SSH Tunneling; Proxy Hosts, Firewalls...:
You can get past your company's firewall and reach your servers directly with RBrowser by tunneling through the firewall host that all users outside the firewall must go through. In RBrowser this is done at the time you enter your login parameters in the Login Panel. After you have entered your the URL, Username, and password for your target host in the Login Panel, but before you hit the Login button, click the Site Preferences button. Select Proxy from the selections along the top of the window. Fill out the host/login information for the firewall host. (Both the firewall and the target host must have sshd running, preferably compatible versions). Hit Save to close the Site Preferences and then hit Login.... This will provide a secure tunnel straight to the target machine inside the corporate firewall!

Su to root (or another user):
While it works it should really be used only as a last resort.

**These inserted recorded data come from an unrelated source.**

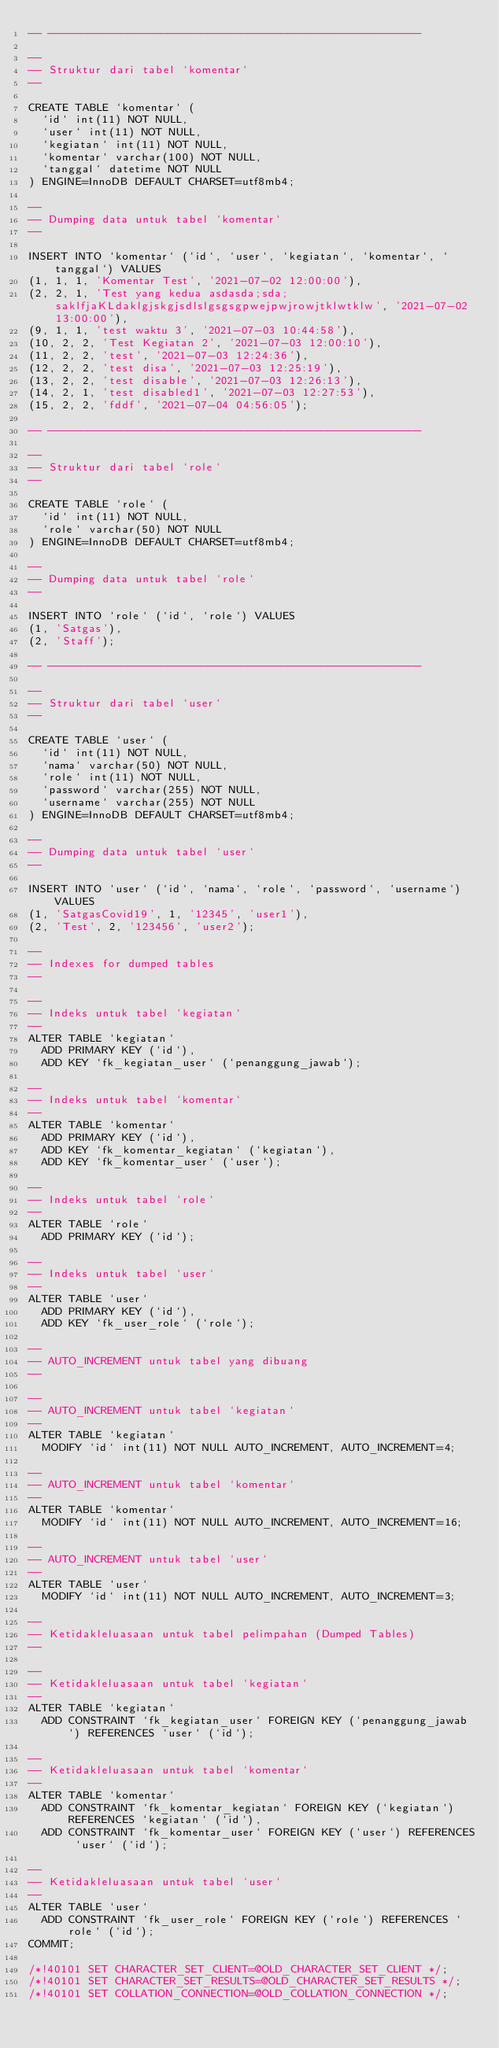<code> <loc_0><loc_0><loc_500><loc_500><_SQL_>-- --------------------------------------------------------

--
-- Struktur dari tabel `komentar`
--

CREATE TABLE `komentar` (
  `id` int(11) NOT NULL,
  `user` int(11) NOT NULL,
  `kegiatan` int(11) NOT NULL,
  `komentar` varchar(100) NOT NULL,
  `tanggal` datetime NOT NULL
) ENGINE=InnoDB DEFAULT CHARSET=utf8mb4;

--
-- Dumping data untuk tabel `komentar`
--

INSERT INTO `komentar` (`id`, `user`, `kegiatan`, `komentar`, `tanggal`) VALUES
(1, 1, 1, 'Komentar Test', '2021-07-02 12:00:00'),
(2, 2, 1, 'Test yang kedua asdasda;sda;saklfjaKLdaklgjskgjsdlslgsgsgpwejpwjrowjtklwtklw', '2021-07-02 13:00:00'),
(9, 1, 1, 'test waktu 3', '2021-07-03 10:44:58'),
(10, 2, 2, 'Test Kegiatan 2', '2021-07-03 12:00:10'),
(11, 2, 2, 'test', '2021-07-03 12:24:36'),
(12, 2, 2, 'test disa', '2021-07-03 12:25:19'),
(13, 2, 2, 'test disable', '2021-07-03 12:26:13'),
(14, 2, 1, 'test disabled1', '2021-07-03 12:27:53'),
(15, 2, 2, 'fddf', '2021-07-04 04:56:05');

-- --------------------------------------------------------

--
-- Struktur dari tabel `role`
--

CREATE TABLE `role` (
  `id` int(11) NOT NULL,
  `role` varchar(50) NOT NULL
) ENGINE=InnoDB DEFAULT CHARSET=utf8mb4;

--
-- Dumping data untuk tabel `role`
--

INSERT INTO `role` (`id`, `role`) VALUES
(1, 'Satgas'),
(2, 'Staff');

-- --------------------------------------------------------

--
-- Struktur dari tabel `user`
--

CREATE TABLE `user` (
  `id` int(11) NOT NULL,
  `nama` varchar(50) NOT NULL,
  `role` int(11) NOT NULL,
  `password` varchar(255) NOT NULL,
  `username` varchar(255) NOT NULL
) ENGINE=InnoDB DEFAULT CHARSET=utf8mb4;

--
-- Dumping data untuk tabel `user`
--

INSERT INTO `user` (`id`, `nama`, `role`, `password`, `username`) VALUES
(1, 'SatgasCovid19', 1, '12345', 'user1'),
(2, 'Test', 2, '123456', 'user2');

--
-- Indexes for dumped tables
--

--
-- Indeks untuk tabel `kegiatan`
--
ALTER TABLE `kegiatan`
  ADD PRIMARY KEY (`id`),
  ADD KEY `fk_kegiatan_user` (`penanggung_jawab`);

--
-- Indeks untuk tabel `komentar`
--
ALTER TABLE `komentar`
  ADD PRIMARY KEY (`id`),
  ADD KEY `fk_komentar_kegiatan` (`kegiatan`),
  ADD KEY `fk_komentar_user` (`user`);

--
-- Indeks untuk tabel `role`
--
ALTER TABLE `role`
  ADD PRIMARY KEY (`id`);

--
-- Indeks untuk tabel `user`
--
ALTER TABLE `user`
  ADD PRIMARY KEY (`id`),
  ADD KEY `fk_user_role` (`role`);

--
-- AUTO_INCREMENT untuk tabel yang dibuang
--

--
-- AUTO_INCREMENT untuk tabel `kegiatan`
--
ALTER TABLE `kegiatan`
  MODIFY `id` int(11) NOT NULL AUTO_INCREMENT, AUTO_INCREMENT=4;

--
-- AUTO_INCREMENT untuk tabel `komentar`
--
ALTER TABLE `komentar`
  MODIFY `id` int(11) NOT NULL AUTO_INCREMENT, AUTO_INCREMENT=16;

--
-- AUTO_INCREMENT untuk tabel `user`
--
ALTER TABLE `user`
  MODIFY `id` int(11) NOT NULL AUTO_INCREMENT, AUTO_INCREMENT=3;

--
-- Ketidakleluasaan untuk tabel pelimpahan (Dumped Tables)
--

--
-- Ketidakleluasaan untuk tabel `kegiatan`
--
ALTER TABLE `kegiatan`
  ADD CONSTRAINT `fk_kegiatan_user` FOREIGN KEY (`penanggung_jawab`) REFERENCES `user` (`id`);

--
-- Ketidakleluasaan untuk tabel `komentar`
--
ALTER TABLE `komentar`
  ADD CONSTRAINT `fk_komentar_kegiatan` FOREIGN KEY (`kegiatan`) REFERENCES `kegiatan` (`id`),
  ADD CONSTRAINT `fk_komentar_user` FOREIGN KEY (`user`) REFERENCES `user` (`id`);

--
-- Ketidakleluasaan untuk tabel `user`
--
ALTER TABLE `user`
  ADD CONSTRAINT `fk_user_role` FOREIGN KEY (`role`) REFERENCES `role` (`id`);
COMMIT;

/*!40101 SET CHARACTER_SET_CLIENT=@OLD_CHARACTER_SET_CLIENT */;
/*!40101 SET CHARACTER_SET_RESULTS=@OLD_CHARACTER_SET_RESULTS */;
/*!40101 SET COLLATION_CONNECTION=@OLD_COLLATION_CONNECTION */;
</code> 
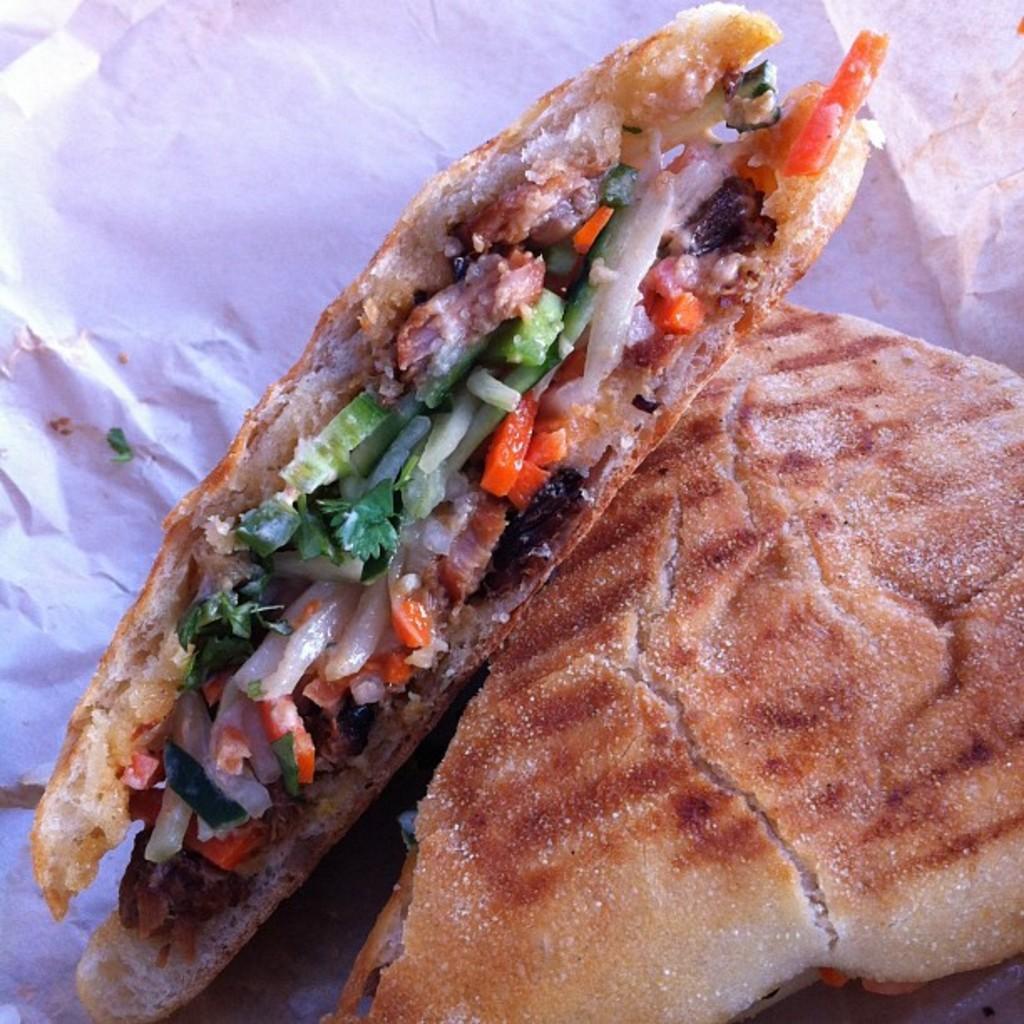Could you give a brief overview of what you see in this image? In this image on a paper there are sandwiches. 
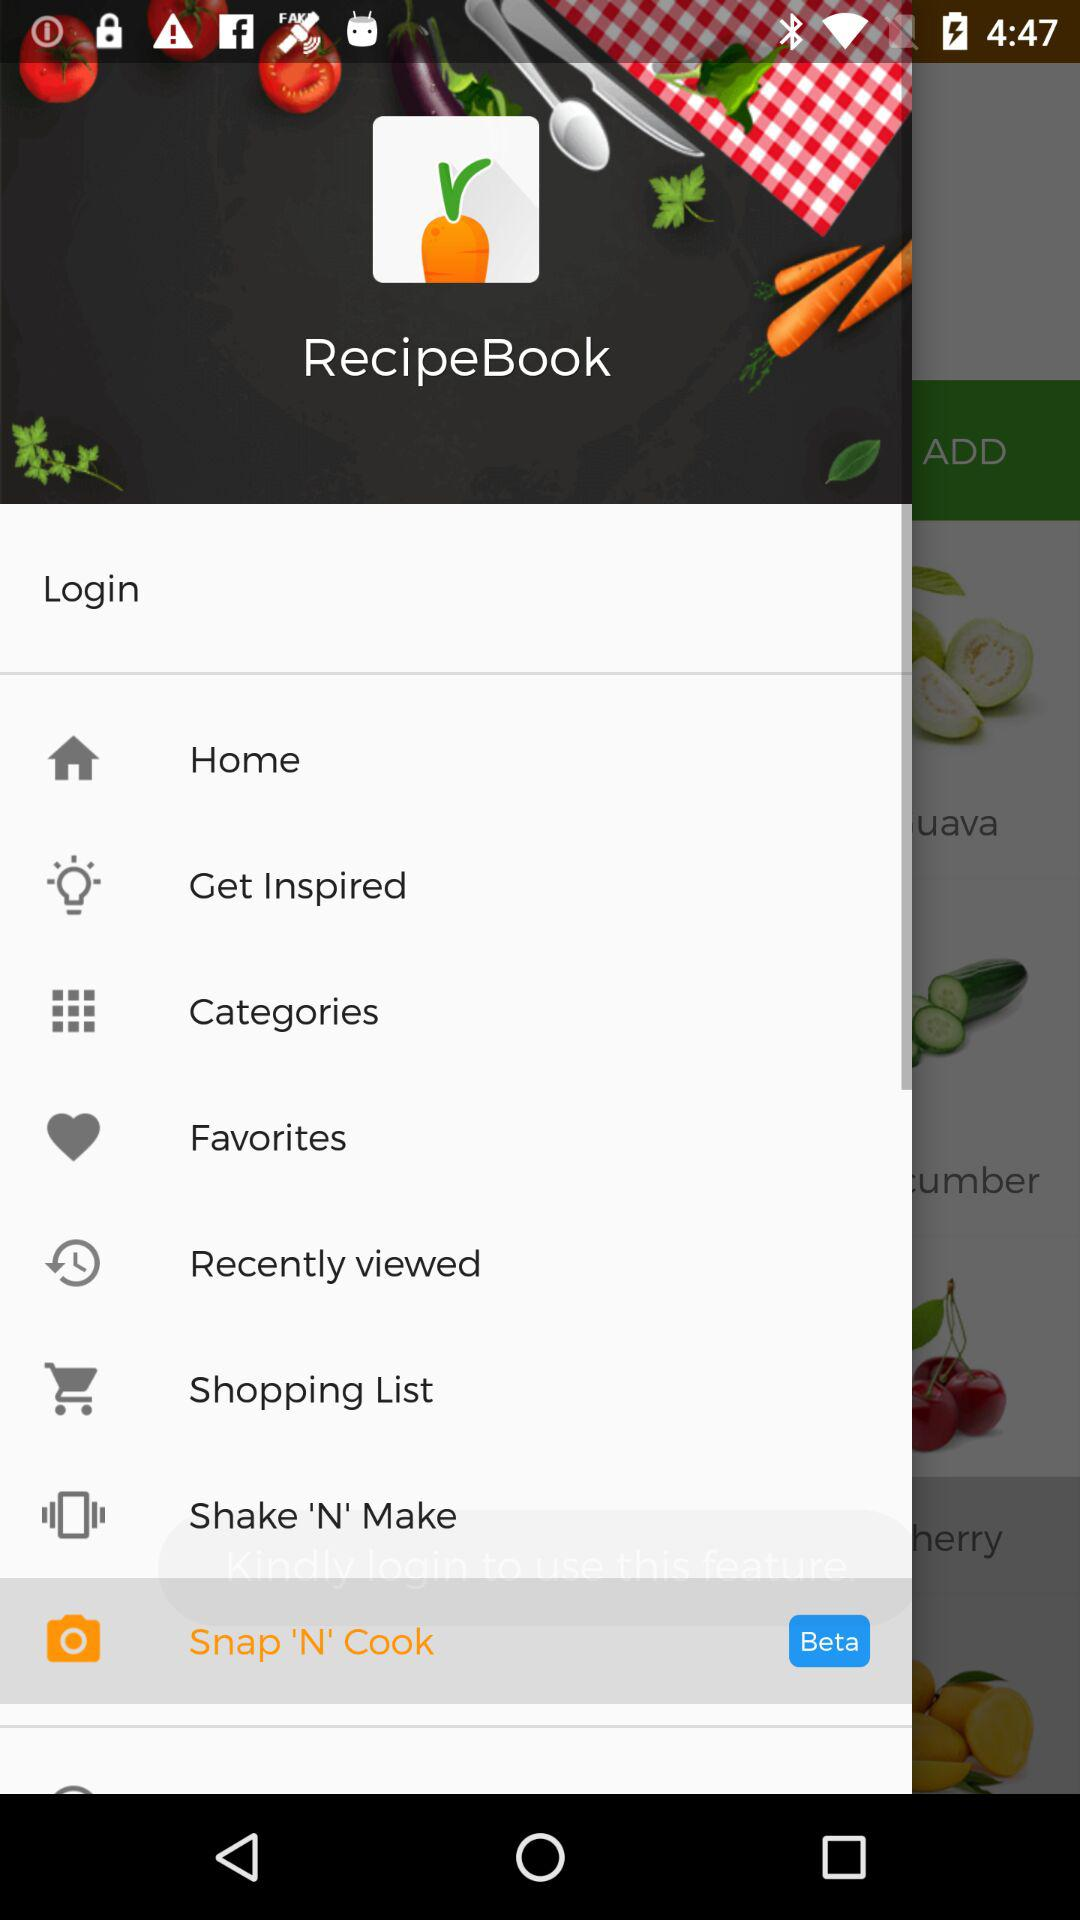Which option of "RecipeBook" has been selected? The selected option is "Snap 'N' Cook". 
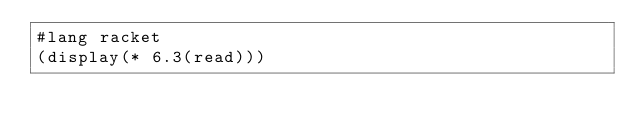Convert code to text. <code><loc_0><loc_0><loc_500><loc_500><_Racket_>#lang racket
(display(* 6.3(read)))</code> 
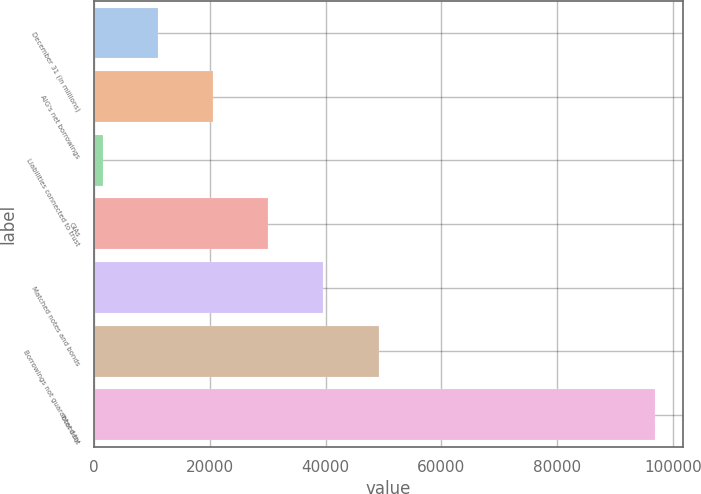Convert chart. <chart><loc_0><loc_0><loc_500><loc_500><bar_chart><fcel>December 31 (in millions)<fcel>AIG's net borrowings<fcel>Liabilities connected to trust<fcel>GIAs<fcel>Matched notes and bonds<fcel>Borrowings not guaranteed by<fcel>Total debt<nl><fcel>11030<fcel>20571<fcel>1489<fcel>30112<fcel>39653<fcel>49194<fcel>96899<nl></chart> 
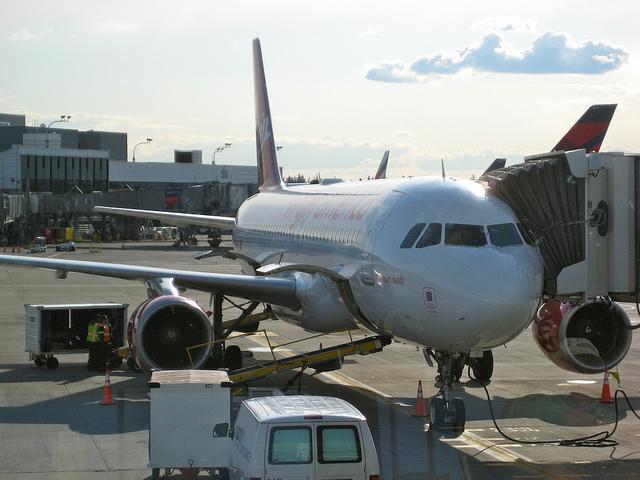How many engines are on this plane?
Give a very brief answer. 2. How many trucks are there?
Give a very brief answer. 2. How many cake clouds are there?
Give a very brief answer. 0. 
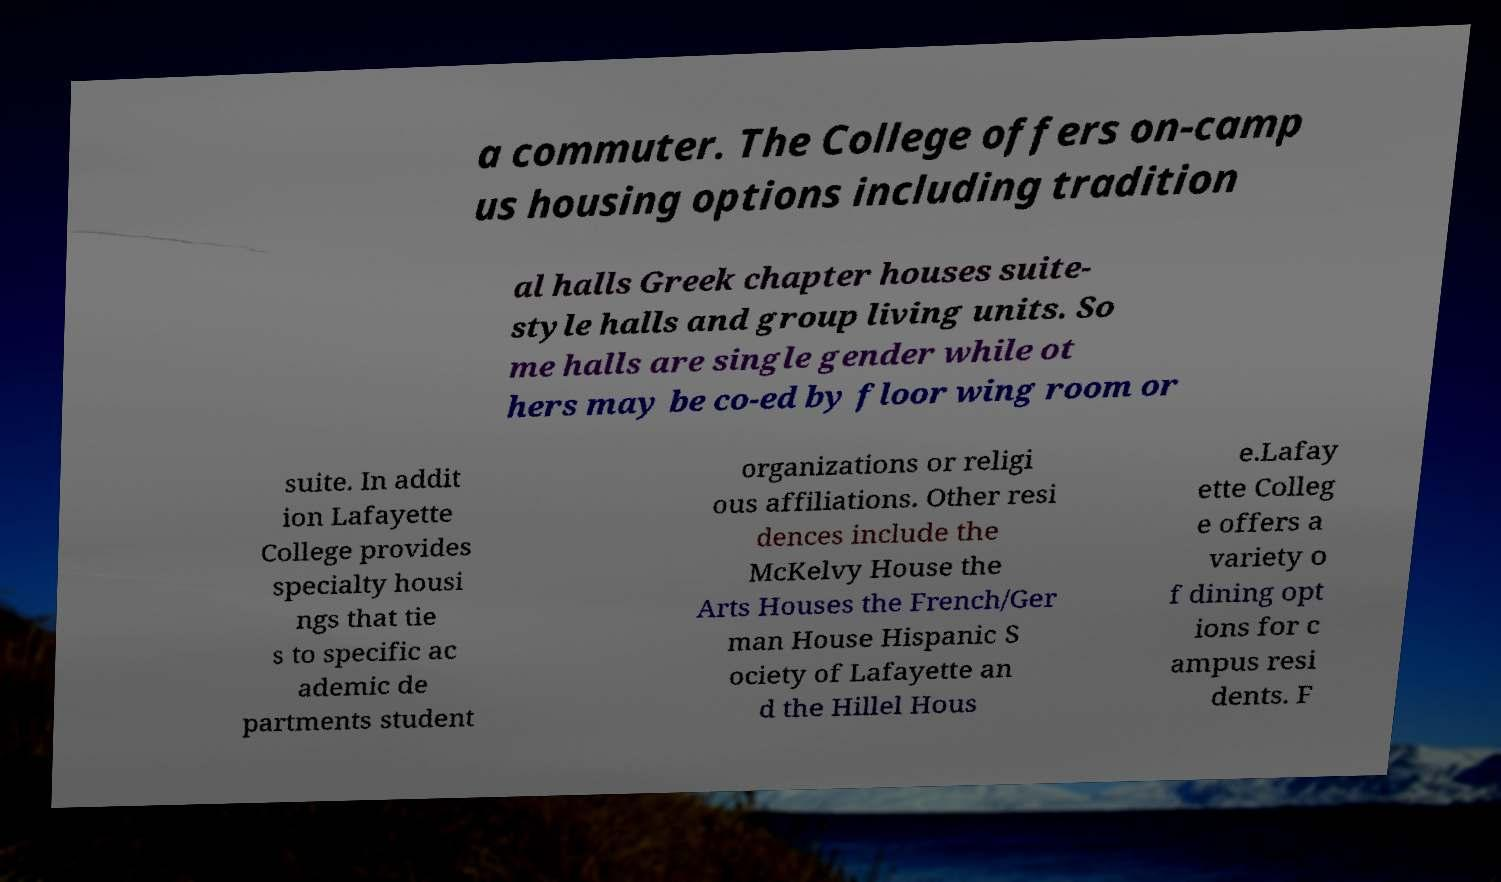Could you assist in decoding the text presented in this image and type it out clearly? a commuter. The College offers on-camp us housing options including tradition al halls Greek chapter houses suite- style halls and group living units. So me halls are single gender while ot hers may be co-ed by floor wing room or suite. In addit ion Lafayette College provides specialty housi ngs that tie s to specific ac ademic de partments student organizations or religi ous affiliations. Other resi dences include the McKelvy House the Arts Houses the French/Ger man House Hispanic S ociety of Lafayette an d the Hillel Hous e.Lafay ette Colleg e offers a variety o f dining opt ions for c ampus resi dents. F

Logging in directly as root is a much better idea, as su-ing incurs lots of extra overhead and these connections are noticeably slower as a result. Also, there is a serious limitation on "su to root" logins: scp does not recognize them. That means that even if you are su'd to root, to transfer files to and fro, scp only recognizes your original login credentials. This is not a bug, it is a "security feature" of SSH/SCP. Because of this, you may have to copy files into a writable directory like /tmp, then on the remote viewer where you are already root, move it into its final protected directory. What else you can do? Do not forget, you are root in the remote Viewer. So if you want to transfer a file and scp is failing, you can either change the read permissions, or even change ownership using the Inspector Panel.

SSH Options:
If you want to define various other options for SSH you can do so, by defining them in the ~/.ssh/config file. There are many options, like cipher, protocol, etc. Here is an example:

Ciphers blowfish-cbc,3des-cbc,cast128-cbc,arcfour

File Transfer:
Under the sftp-ssh protocol RBrowser uses sftp or pax for file transfers. If neither is available, RBrowser falls back to scp. scp should reside in the same directory as the ssh client (usually in /usr/local/bin). RBrowser does its best to find it; if it cannot be found, you will see a panel asking for the full path of scp. The most important new feature: if you have two remote ssh sites, you can transfer files from one to the other DIRECTLY by simply dragging and dropping as usual!

The SSH2 protocol defines SFTP as a way to have simple file transfers over an encrypted (secure) transport. SFTP is included in all SSH2 servers, including OpenSSH. SFTP is implemented as a subsystem in sshd. It can be enabled in the /etc/ssh2/sshd_config file.